--- Work request ---
Would you filter the listing below so that only lines with the word "roll" remain?

--- Information supplied ---

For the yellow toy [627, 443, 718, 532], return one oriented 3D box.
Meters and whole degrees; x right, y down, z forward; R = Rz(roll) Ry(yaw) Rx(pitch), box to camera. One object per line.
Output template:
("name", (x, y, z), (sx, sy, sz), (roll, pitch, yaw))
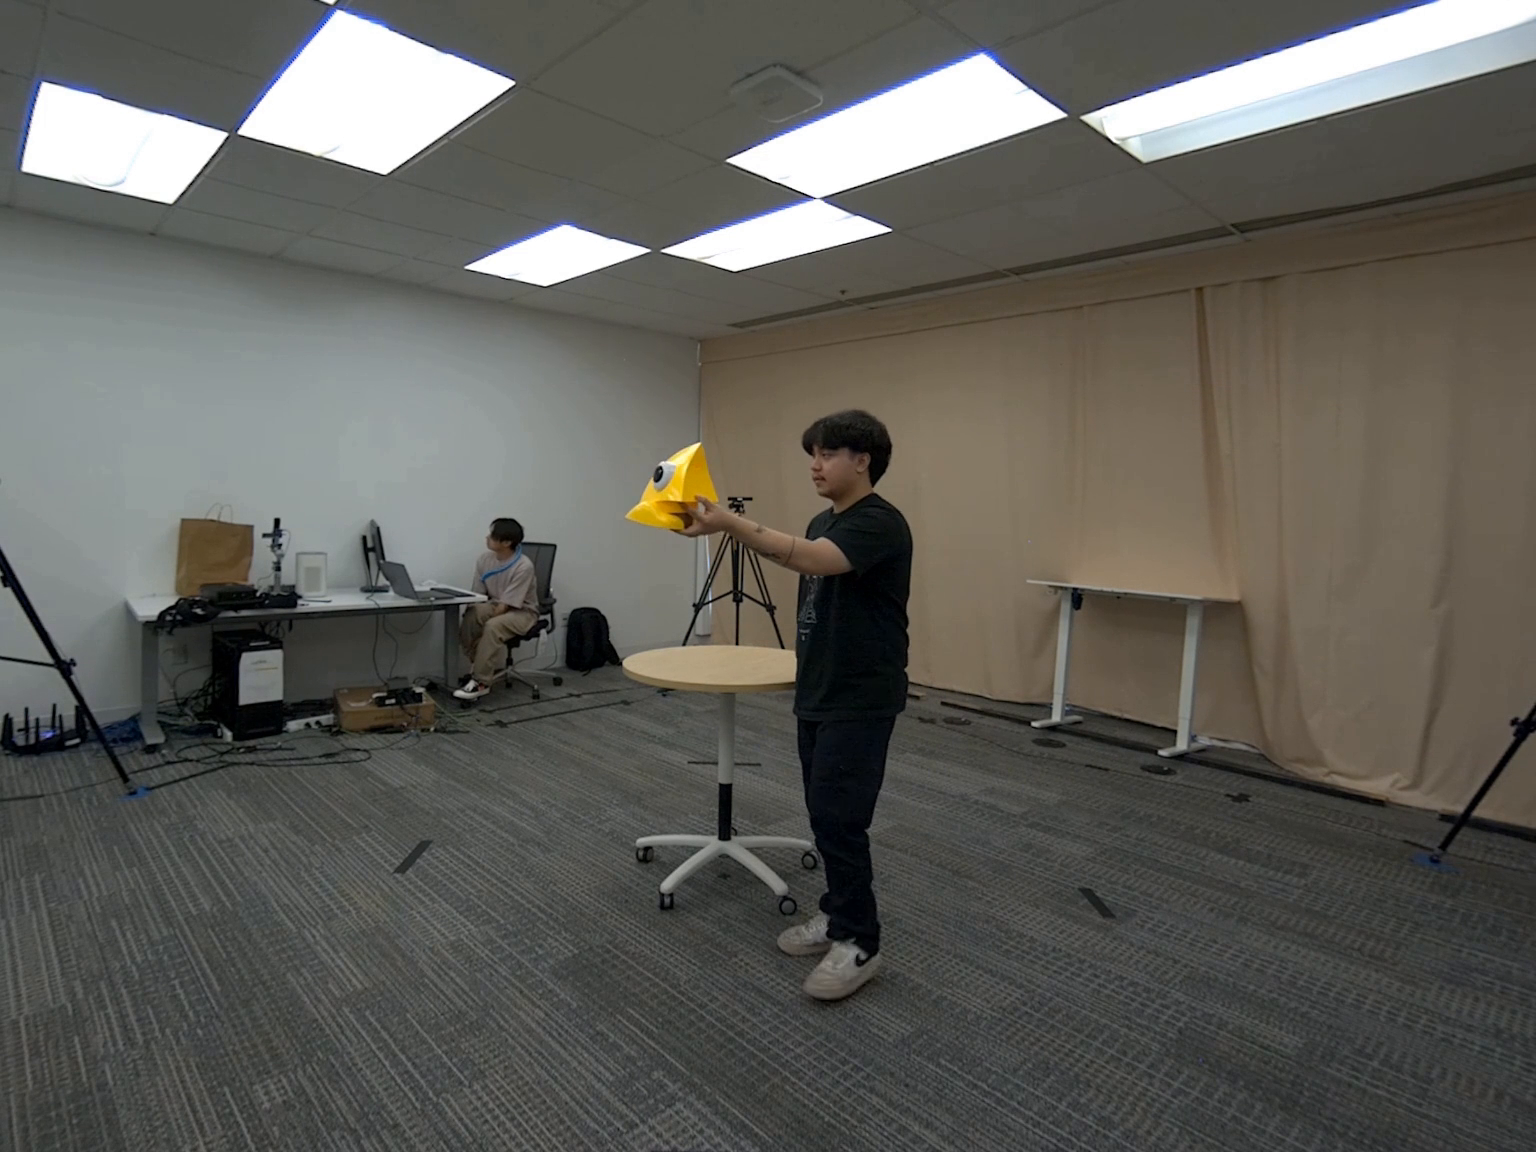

--- Exercise answer ---
Meters and whole degrees; x right, y down, z forward; R = Rz(roll) Ry(yaw) Rx(pitch), box to camera. One object per line.
("name", (x, y, z), (sx, sy, sz), (roll, pitch, yaw))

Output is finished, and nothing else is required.